As a disclaimer, this tool is designed to be used in tandem with your current testing strategy. dgtest provides a high level of accuracy but ultimately is a static analysis tool and relies on adherence to Pythonic conventions (namely imports as discussed in the Google Python Style Guide). If you use this tool, ensure you still run the full suite every so often.

Note that dgtest only works with codebases that use pytest as a testing framework; due to the way the tool parses pytest fixtures and tests, usage with nose or unittest will not work as intended.


Table of Contents


Installation

To get started, install the CLI tool using:

# Option 1: Local install
git clone git@github.com:superconductive/dgtest.git
pip install -e .

# Option 2: Git install
pip install -e git+https://github.com/superconductive/dgtest/#egg=dgtest

dgtest uses the following dependencies under the hood:


Usage

dgtest has a minimal API by design:

Commands:
  list  Print list of determined test files
  run   Run determined test files with pytest

list outputs the result of dgtest's underlying algorithm while run actually runs them with pytest.

The following options are shared between both commands:

-t, --tests   The relative path to your test directory (if applicable)
-d, --depth   The desired maximum depth of the graph traversal algorithm (default: 3)
-i, --ignore  A list of path prefixes that should be ignored
-f, --filter  Isolates results to only include those with the given path prefix
-b, --branch  The specific branch to `git diff` against - can be local or remote
-c, --config  Where to read config options from (default: dgtest.ini if it exists)

Additionally, note that run accepts any pytest flags (including extensions) that you may have set in your project:

# Spark and Postgres flags are specific to the Great Expectations project
dgtest run great_expectations -t tests -b "origin/develop" --no-spark --no-postgresql

# Coverage is a pytest extension
dgtest run great_expectations -t tests --cov=great_expectations

Config

In the case you use the same options over and over again, you can set a dgtest.ini file to save your configuration.

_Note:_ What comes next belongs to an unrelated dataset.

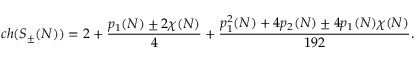<formula> <loc_0><loc_0><loc_500><loc_500>c h ( S _ { \pm } ( N ) ) = 2 + { \frac { p _ { 1 } ( N ) \pm 2 \chi ( N ) } { 4 } } + { \frac { p _ { 1 } ^ { 2 } ( N ) + 4 p _ { 2 } ( N ) \pm 4 p _ { 1 } ( N ) \chi ( N ) } { 1 9 2 } } .</formula>

If the option is a list, please use a comma-delimited string.

[options]
tests = tests
depth = 2
ignore = foo, bar
filter = baz
branch = origin/develop

This changes the following command:

dgtest list great_expectations -t tests -d 2 -i foo -i bar -f baz -b "origin/develop"

to this:

dgtest list great_expectations

Any values passed into a command-line invocation will take priority over the config file's variables.

If you'd like to set up dgtest as part of your PyCharm workflow:

  1. Navigate to Run -> Edit Configurations within your menu bar
  2. Click the + icon and add a new Python configuration
  3. Copy the following config options and click Apply and Ok:

PyCharm Config Note that dgtest options (-t and -b) are not strictly necessary if they are configured in a dgtest.ini file.


How It Works

This section is only relevant if you'd like to learn more about the underlying algorithm used.

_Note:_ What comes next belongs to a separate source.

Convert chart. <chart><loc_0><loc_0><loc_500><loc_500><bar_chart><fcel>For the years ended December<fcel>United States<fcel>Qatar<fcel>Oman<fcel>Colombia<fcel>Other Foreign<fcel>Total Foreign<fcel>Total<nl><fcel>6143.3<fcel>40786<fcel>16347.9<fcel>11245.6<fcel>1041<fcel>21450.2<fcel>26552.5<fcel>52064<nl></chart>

1. Determine relevant files using Git

In order to determine the inputs for this algorithm, dgtest makes use of GitPython to communicate with the current project's git repo.

To determine which files have been modified, we aggregate a list using:

# By default
git diff HEAD --name-only

# If the user has passed in a branch with `--branch`
git diff <BRANCH> --name-only

The result of the stage is saved for later; let's call these our changed_files.


2. Create dependency graphs

The next step encapsulates the bulk of the complexity and logic of the application. Utilizing Python's built-in AST library, we parse our target codebase to answer a number of questions:

  • "If I change a particular source file, what other source files are directly impacted by that change?"
  • "For a given source file, what test files do I need to run to ensure coverage over it?"

These are important questions because given a list of input files (changed_files above), we can easily determine what subset of the source code has possibly broken and then only run the tests relevant to that subset. Keep these questions in mind as your read the remainder of this walkthrough.

The specifics of how this is performed are detailed in the code but at a high level, we:

2a. Parse all function/class definitions.

Using this, we know exactly where each symbol originates from.

# Example - great_expectations/data_context/data_context.py
class DataContext(BaseDataContext):
    ...
Result:
  `DataContext` -> great_expectations/data_context/data_context.py

Let's call the result of this stage our definition_map.

2b. Parse all import statements in source code.

Using this, we can determine what symbols a particular source file uses. Given that we know where each symbol originates from through our definition_map, this allows us to answer the first question.

# Example - great_expectations/render/util.py
import copy
import decimal
import locale
import re
import warnings

# A change in the origin of `ValidationResultIdentifier` would impact this file
from great_expectations.data_context.types.resource_identifiers import (
    ValidationResultIdentifier,
)
Result:
  great_expectations/data_context/types/resource_identifiers.py -> great_expectations/render/util.py

Only relative imports are considered in this process; we do not care about the standard library or any external modules.

Let's call the result of this stage our source_dependency_graph.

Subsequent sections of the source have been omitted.